Study lead author Bethan Davies, a glaciologist at Newcastle University in England, said in a statement, "It's incredibly worrying that our research found a rapid acceleration since the early 21st century in the rate of glacier loss across the Juneau ice field."
"Alaskan icefields—which are predominantly flat, plateau icefields—are particularly vulnerable to accelerated melt as the climate warms since ice loss happens across the whole surface, meaning a much greater area is affected," Davies continued. "Additionally, flatter ice caps and icefields cannot retreat to higher elevations and find a new equilibrium."
"As glacier thinning on the Juneau plateau continues and ice retreats to lower levels and warmer air, the feedback processes this sets in motion is likely to prevent future glacier regrowth, potentially pushing glaciers beyond a tipping point into irreversible recession," she added.
Study co-author Mauri Pelto, a professor of environmental science at Nichols College in Massachusetts, toldThe Associated Press that the Juneau ice field is melting at a rate of about 50,000 gallons per second.

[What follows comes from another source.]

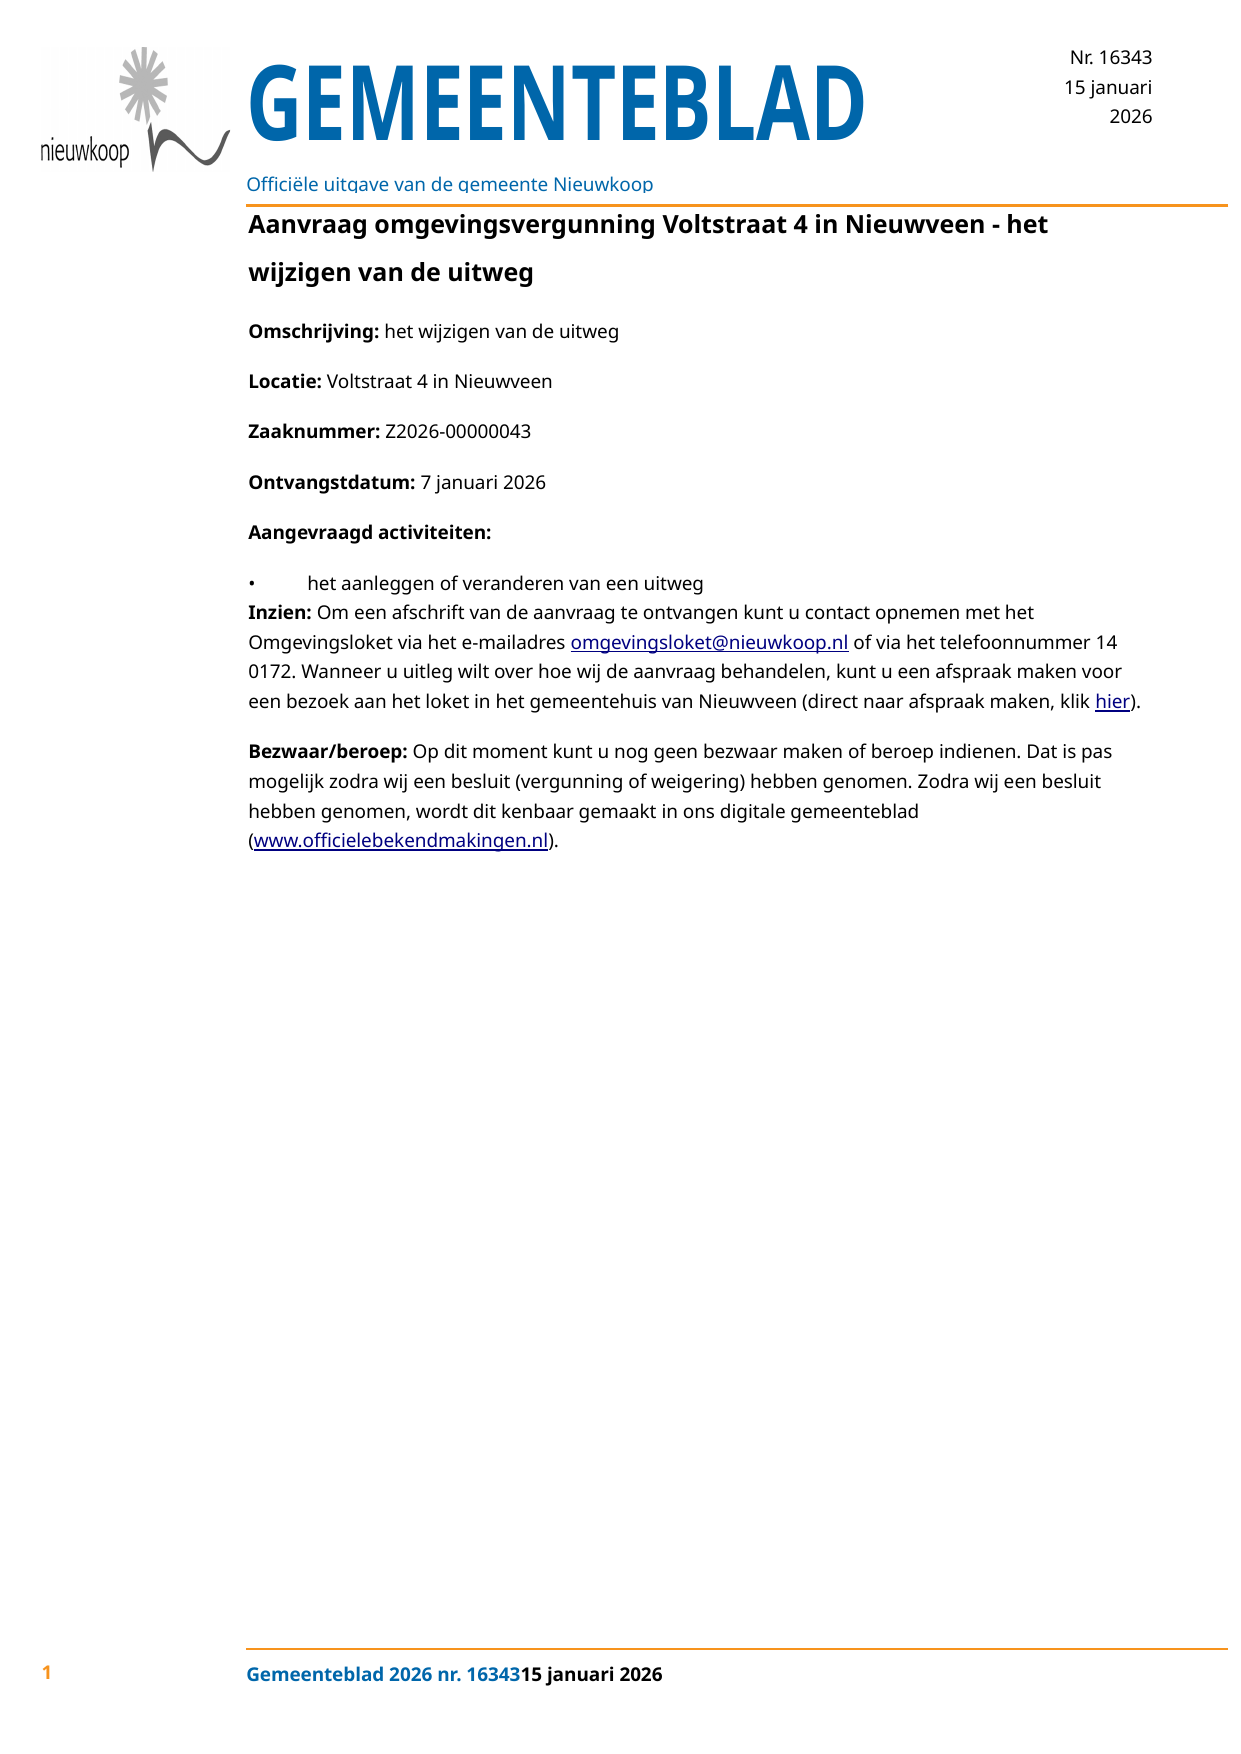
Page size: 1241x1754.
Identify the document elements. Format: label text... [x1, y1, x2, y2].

"When you go there the changes from year to year are so dramatic that it just hits you over the head," Pelto said. "In 1981, it wasn't too hard to get on and off the glaciers. You just hike up and you could you could ski to the bottom or hike right off the end of these glaciers. But now they've got lakes on the edges from melted snow and crevasses opening up that makes it difficult to ski."
As the AP reported:
Only four Juneau ice field glaciers melted out of existence between 1948 and 2005. But 64 of them disappeared between 2005 and 2019, the study said. Many of the glaciers were too small to name, but one larger one, Antler glacier, "is totally gone," Pelto said.
Alaska climatologist Brian Brettschneider, who was not part of the study, said the acceleration is most concerning, warning of "a death spiral" for the thinning ice field.
Pelto said that "the tipping point is when that snow line goes above your entire ice field, ice sheet, ice glacier, whichever one."
"And so for the Juneau ice field, 2019, 2018, showed that you are not that far away from that tipping point," he added. "We're 40 years from when I first saw the glacier. And so, 40 years from now, what is it going to look like? I do think by then the Juneau ice field will be past the tipping point."
It's not just Alaska. Glaciers around the world—from Greenland to Switzerland to Africa and the Himalayas—are melting at an alarming rate. The United Nations Educational, Scientific, and Cultural Organization warned in 2022 that glaciers in one-third of the 50 UNESCO World Heritage sites where they are found are on pace to disappear by 2050—even if planet-heating emissions are curbed.
Another study published last year by researchers at Carnegie Mellon University and the University of Alaska found that even if humanity manages to limit planetary heating to 1.5°C above preindustrial temperatures—the more ambitious goal of the Paris agreement—half of Earth's glaciers are expected to melt by the end of the century.